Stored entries

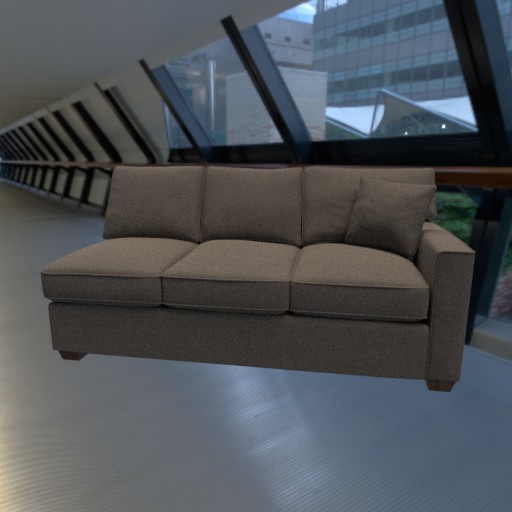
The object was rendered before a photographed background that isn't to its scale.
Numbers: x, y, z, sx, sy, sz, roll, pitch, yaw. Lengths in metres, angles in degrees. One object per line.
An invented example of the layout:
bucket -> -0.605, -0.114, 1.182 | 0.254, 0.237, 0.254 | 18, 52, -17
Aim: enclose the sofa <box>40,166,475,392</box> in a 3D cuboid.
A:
sofa -> 0.000, 0.000, 2.433 | 1.963, 0.946, 1.034 | 2, 13, 9
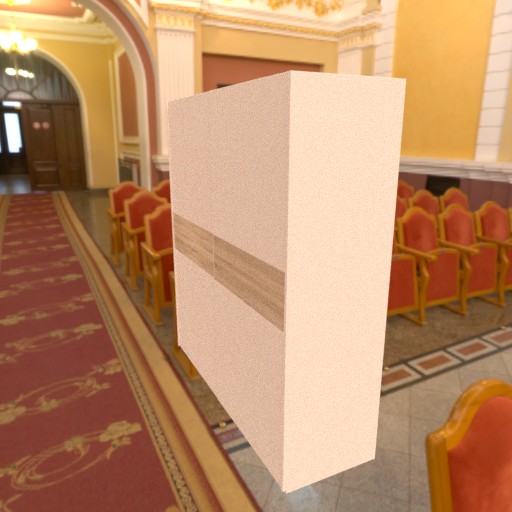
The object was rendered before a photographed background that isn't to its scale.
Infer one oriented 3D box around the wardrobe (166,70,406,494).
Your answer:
[{"bbox_3d":[0.000,0.000,2.917,0.600,2.020,1.830,-7,17,-25],"label":"wardrobe"}]

▸ **WORK REQUEST**
Without including any pictures, repeat the records above exactly.

▸ **WRITTEN ANSWER**
The object was rendered before a photographed background that isn't to its scale.
Numbers: x, y, z, sx, sy, sz, roll, pitch, yaw. Lengths in metres, angles in degrees. One object per line.
An invented example of the layout:
bucket -> -0.605, -0.114, 1.182 | 0.254, 0.237, 0.254 | 18, 52, -17
Aim: enclose the sofa <box>40,166,475,392</box> in a 3D cuboid.
A:
sofa -> 0.000, 0.000, 2.433 | 1.963, 0.946, 1.034 | 2, 13, 9
The object was rendered before a photographed background that isn't to its scale.
Infer one oriented 3D box around the wardrobe (166,70,406,494).
Your answer:
[{"bbox_3d":[0.000,0.000,2.917,0.600,2.020,1.830,-7,17,-25],"label":"wardrobe"}]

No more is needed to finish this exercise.